### PROBLEM
The records follow. Copy each one exactly.

### GIVEN RECORDS
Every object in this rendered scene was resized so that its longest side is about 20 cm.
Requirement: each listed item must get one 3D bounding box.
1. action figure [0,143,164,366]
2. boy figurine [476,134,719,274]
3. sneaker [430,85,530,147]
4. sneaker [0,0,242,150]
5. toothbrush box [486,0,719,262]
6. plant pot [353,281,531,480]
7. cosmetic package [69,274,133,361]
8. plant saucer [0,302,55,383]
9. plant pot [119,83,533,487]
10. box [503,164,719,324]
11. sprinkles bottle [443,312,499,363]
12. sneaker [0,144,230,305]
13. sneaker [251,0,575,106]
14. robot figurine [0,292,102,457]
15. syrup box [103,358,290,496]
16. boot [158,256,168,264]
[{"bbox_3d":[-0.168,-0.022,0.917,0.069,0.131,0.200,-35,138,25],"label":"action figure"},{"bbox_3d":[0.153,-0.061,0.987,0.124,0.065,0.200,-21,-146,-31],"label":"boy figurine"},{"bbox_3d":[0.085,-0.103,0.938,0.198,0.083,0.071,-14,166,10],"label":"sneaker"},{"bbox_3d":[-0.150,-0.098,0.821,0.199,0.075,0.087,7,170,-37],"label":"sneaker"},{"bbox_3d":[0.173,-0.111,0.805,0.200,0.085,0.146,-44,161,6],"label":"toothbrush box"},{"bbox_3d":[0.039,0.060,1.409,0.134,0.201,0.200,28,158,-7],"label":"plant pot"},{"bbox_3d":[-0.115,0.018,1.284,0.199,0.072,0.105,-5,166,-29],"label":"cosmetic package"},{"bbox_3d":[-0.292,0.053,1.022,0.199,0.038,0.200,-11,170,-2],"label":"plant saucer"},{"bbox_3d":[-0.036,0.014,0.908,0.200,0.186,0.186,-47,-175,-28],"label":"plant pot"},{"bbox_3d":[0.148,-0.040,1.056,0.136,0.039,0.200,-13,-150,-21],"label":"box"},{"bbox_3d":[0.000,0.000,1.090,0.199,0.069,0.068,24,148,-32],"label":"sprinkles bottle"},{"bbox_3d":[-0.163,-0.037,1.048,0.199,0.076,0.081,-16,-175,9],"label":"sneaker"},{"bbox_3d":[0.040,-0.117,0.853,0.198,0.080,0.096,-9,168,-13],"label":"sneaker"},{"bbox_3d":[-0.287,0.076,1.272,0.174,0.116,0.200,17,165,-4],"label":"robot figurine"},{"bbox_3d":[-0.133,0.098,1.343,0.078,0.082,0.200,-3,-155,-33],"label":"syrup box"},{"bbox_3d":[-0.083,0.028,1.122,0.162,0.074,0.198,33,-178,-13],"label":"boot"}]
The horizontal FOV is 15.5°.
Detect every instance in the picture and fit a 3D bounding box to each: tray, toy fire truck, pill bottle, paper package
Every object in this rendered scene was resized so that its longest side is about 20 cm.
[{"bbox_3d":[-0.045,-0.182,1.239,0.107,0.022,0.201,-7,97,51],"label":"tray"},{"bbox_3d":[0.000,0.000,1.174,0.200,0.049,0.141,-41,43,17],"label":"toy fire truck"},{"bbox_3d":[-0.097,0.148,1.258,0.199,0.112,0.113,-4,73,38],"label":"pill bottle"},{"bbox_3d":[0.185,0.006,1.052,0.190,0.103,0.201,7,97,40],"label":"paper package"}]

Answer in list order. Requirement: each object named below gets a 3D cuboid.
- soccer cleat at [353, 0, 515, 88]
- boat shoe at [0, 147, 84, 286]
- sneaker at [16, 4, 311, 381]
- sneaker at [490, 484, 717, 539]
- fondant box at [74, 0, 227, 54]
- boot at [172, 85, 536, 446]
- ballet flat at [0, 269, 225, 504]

### FINISHED TASK
Every object in this rendered scene was resized so that its longest side is about 20 cm.
Requirement: each listed item must get one 3D bounding box.
1. action figure [0,143,164,366]
2. boy figurine [476,134,719,274]
3. sneaker [430,85,530,147]
4. sneaker [0,0,242,150]
5. toothbrush box [486,0,719,262]
6. plant pot [353,281,531,480]
7. cosmetic package [69,274,133,361]
8. plant saucer [0,302,55,383]
9. plant pot [119,83,533,487]
10. box [503,164,719,324]
11. sprinkles bottle [443,312,499,363]
12. sneaker [0,144,230,305]
13. sneaker [251,0,575,106]
14. robot figurine [0,292,102,457]
15. syrup box [103,358,290,496]
16. boot [158,256,168,264]
[{"bbox_3d":[-0.168,-0.022,0.917,0.069,0.131,0.200,-35,138,25],"label":"action figure"},{"bbox_3d":[0.153,-0.061,0.987,0.124,0.065,0.200,-21,-146,-31],"label":"boy figurine"},{"bbox_3d":[0.085,-0.103,0.938,0.198,0.083,0.071,-14,166,10],"label":"sneaker"},{"bbox_3d":[-0.150,-0.098,0.821,0.199,0.075,0.087,7,170,-37],"label":"sneaker"},{"bbox_3d":[0.173,-0.111,0.805,0.200,0.085,0.146,-44,161,6],"label":"toothbrush box"},{"bbox_3d":[0.039,0.060,1.409,0.134,0.201,0.200,28,158,-7],"label":"plant pot"},{"bbox_3d":[-0.115,0.018,1.284,0.199,0.072,0.105,-5,166,-29],"label":"cosmetic package"},{"bbox_3d":[-0.292,0.053,1.022,0.199,0.038,0.200,-11,170,-2],"label":"plant saucer"},{"bbox_3d":[-0.036,0.014,0.908,0.200,0.186,0.186,-47,-175,-28],"label":"plant pot"},{"bbox_3d":[0.148,-0.040,1.056,0.136,0.039,0.200,-13,-150,-21],"label":"box"},{"bbox_3d":[0.000,0.000,1.090,0.199,0.069,0.068,24,148,-32],"label":"sprinkles bottle"},{"bbox_3d":[-0.163,-0.037,1.048,0.199,0.076,0.081,-16,-175,9],"label":"sneaker"},{"bbox_3d":[0.040,-0.117,0.853,0.198,0.080,0.096,-9,168,-13],"label":"sneaker"},{"bbox_3d":[-0.287,0.076,1.272,0.174,0.116,0.200,17,165,-4],"label":"robot figurine"},{"bbox_3d":[-0.133,0.098,1.343,0.078,0.082,0.200,-3,-155,-33],"label":"syrup box"},{"bbox_3d":[-0.083,0.028,1.122,0.162,0.074,0.198,33,-178,-13],"label":"boot"}]
The horizontal FOV is 15.5°.
Detect every instance in the picture and fit a 3D bounding box to each: tray, toy fire truck, pill bottle, paper package
Every object in this rendered scene was resized so that its longest side is about 20 cm.
[{"bbox_3d":[-0.045,-0.182,1.239,0.107,0.022,0.201,-7,97,51],"label":"tray"},{"bbox_3d":[0.000,0.000,1.174,0.200,0.049,0.141,-41,43,17],"label":"toy fire truck"},{"bbox_3d":[-0.097,0.148,1.258,0.199,0.112,0.113,-4,73,38],"label":"pill bottle"},{"bbox_3d":[0.185,0.006,1.052,0.190,0.103,0.201,7,97,40],"label":"paper package"}]

Answer in list order. Requirement: each object named below gets a 3D cuboid.
- soccer cleat at [353, 0, 515, 88]
- boat shoe at [0, 147, 84, 286]
- sneaker at [16, 4, 311, 381]
- sneaker at [490, 484, 717, 539]
- fondant box at [74, 0, 227, 54]
- boot at [172, 85, 536, 446]
- ballet flat at [0, 269, 225, 504]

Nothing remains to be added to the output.